The good old days (300000 years of it) stunk. The art in medicine except when it is about consolation or about acknowledging that one doesn't know, is too often a crutch to obfuscate quackery masquerading as expertise. Parrhesia!
I wasn't saying that the past 200 years of medical innovation hasn't been technically successful. I was claiming that no technical innovation of the past 200 years has made medicine more humane. It's a category error to assume that technological innovation will somehow make people more humane, empathic, virtuous, etc. So I don't buy it when people argue that AI will free up clinicians to "spend more time with their patients." The EMR hasn't done that; no technical innovation has.
I agree that "do no harm" and respect for the negative rights of patients has been an important development. It's also not a technical development.
Thank you for pointing out your nuance that I may have missed.
Technical innovations cannot really be expected to make medicine more humane, ethical, or empathetic. Either medicine is ethical and empathetic or it's not.
But anesthesia and pain medication?
Alternatives to amputation because antibiotics?
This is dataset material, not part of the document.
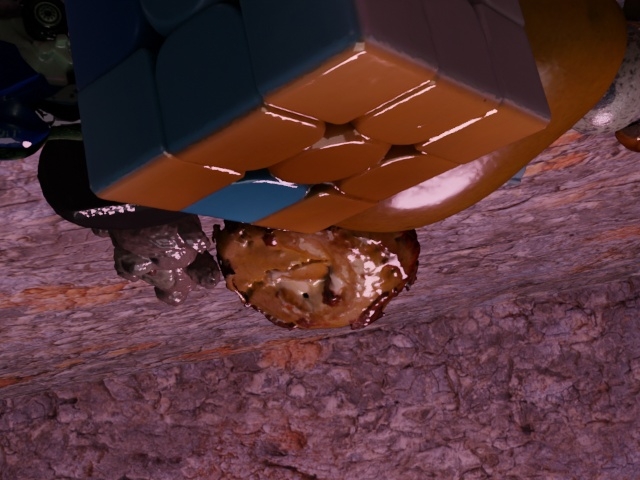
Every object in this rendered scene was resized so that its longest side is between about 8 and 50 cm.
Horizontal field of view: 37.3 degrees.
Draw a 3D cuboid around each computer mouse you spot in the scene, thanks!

Understanding what menstruation actually is has probably made medicine more empathetic, don't you think?
Massive advances reducing maternal and infant mortality (although stalling), I'd say a lot less tears!
I'd probably that phrase the question from different vantage: have technical innovations made medicine less humane, ethical, or empathetic. By and large the answer is no.
A minor example in support of your case that more tech isn't necessarily a big advancement in quality of life: after years of assuming a vacuum cleaner is the best way to clean under a bed or stereo cabinet, I rediscovered dust mops. Effective, easy and beautifully quiet, in part because I'm not cussing over the clumsy vacuum canister.